Fortnite is one of those games that forces someone like me — someone who is supposed to see trends coming — to recalibrate. All through 2017, I was playing and enjoying PlayerUnknown’s Battlegrounds, and I also loved writing about it because I understood it. It’s a lot easier to write about something that you get.
With Fortnite? Well, I’ve struggled.
Fortnite is fine. I’ve spent 10 hours in its take on the battle royale genre, and the worst thing I can say is that I don’t feel anything when I play it. If I interrogate my reaction to Fortnite, I think that 500+ hours of PUBG has made me numb. Epic’s remix on the last-player-standing shooter is fast, arcadey, and silly, and I can appreciate those things, but they are not why I show up for the battle royale. I’m here for the tension.
But I am in the minority. Other players and people who do not traditionally play games as often all seem to prefer Fortnite, and I think this is for a couple of reasons. Yes, the arcade-style action on a smaller map is appealing, but that is overthinking what is happening here. The real reason that Fortnite is the game of the people is because it runs excellent on consoles and now mobile. As much as I’ve turned into a snooty PC elitist over the last five years (I’m playing a review game on console right now because the PC code isn’t ready, and I can’t shake the feeling that I’m not playing the “real” game, which is stupid), let’s not pretend consoles don’t have a much larger and broader audience in markets like the United States and Western Europe.
So is it a bad sign for PC that the console-optimized game Fortnite has dominated its PC-first counterpart PUBG? I don’t think so. Let’s ignore that we have room for all of these options. I would argue that PC is the trendsetter. It’s the platform where content creators on Twitch and YouTube set the tone.
Fortnite superstar Ninja can livestream to more than 100,000 people on his PC, and then the majority of those people will pick up the game on their PlayStation 4 or Xbox One. This goes beyond influencers, though.
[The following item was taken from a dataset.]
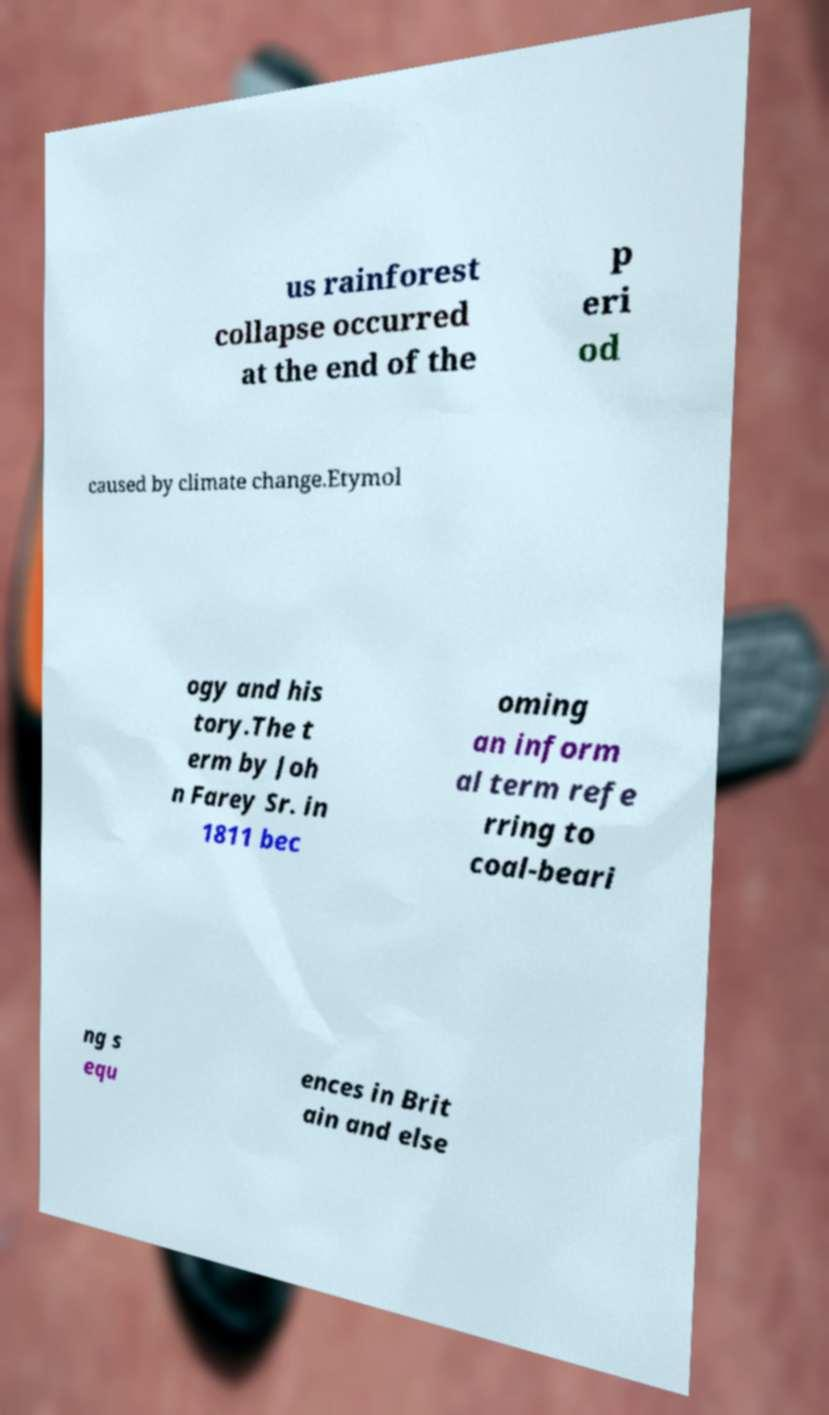Can you read and provide the text displayed in the image?This photo seems to have some interesting text. Can you extract and type it out for me? us rainforest collapse occurred at the end of the p eri od caused by climate change.Etymol ogy and his tory.The t erm by Joh n Farey Sr. in 1811 bec oming an inform al term refe rring to coal-beari ng s equ ences in Brit ain and else 
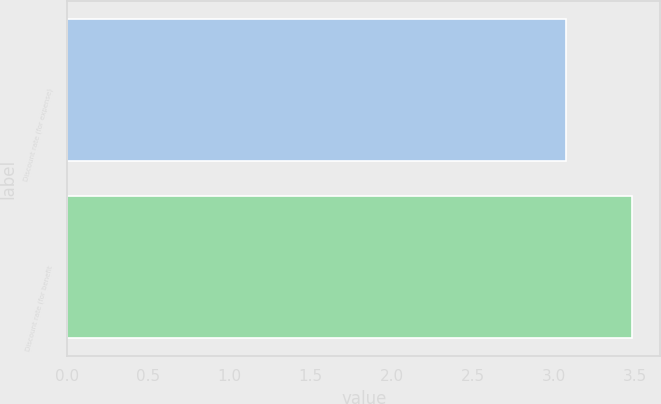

It’s important that the last two tectonic shifts in the conversation around gaming both started on PC. We have battle royale happening right now, and that follows the meteoric rise of Minecraft. Fortnite may have launched on everything at the same time, but it was aping a game mode that PUBG made popular on Steam. And that was the first standalone game from a modmaker who added battle royale into PC survival games H1Z1 and DayZ. So these phenomenons consistently start on PC before expanding out to every other platform imaginable since. Could battle royale or Minecraft have started on other platforms? Maybe, but they didn’t. When it comes to experimentation and innovation, the PC is still the leader. As an aside, this is why I prefer Vive and Oculus Rift to the PlayStation VR — experimental VR is so cool, and PC is where that is happening.
And sure, the smartphone has disrupted gaming, but Candy Crush Saga is still the top-grossing iOS game. That came out in 2012. So until the mobile market shakes that stagnation, it’s going to have to continue jumping on the bandwagons that the PC is pulling.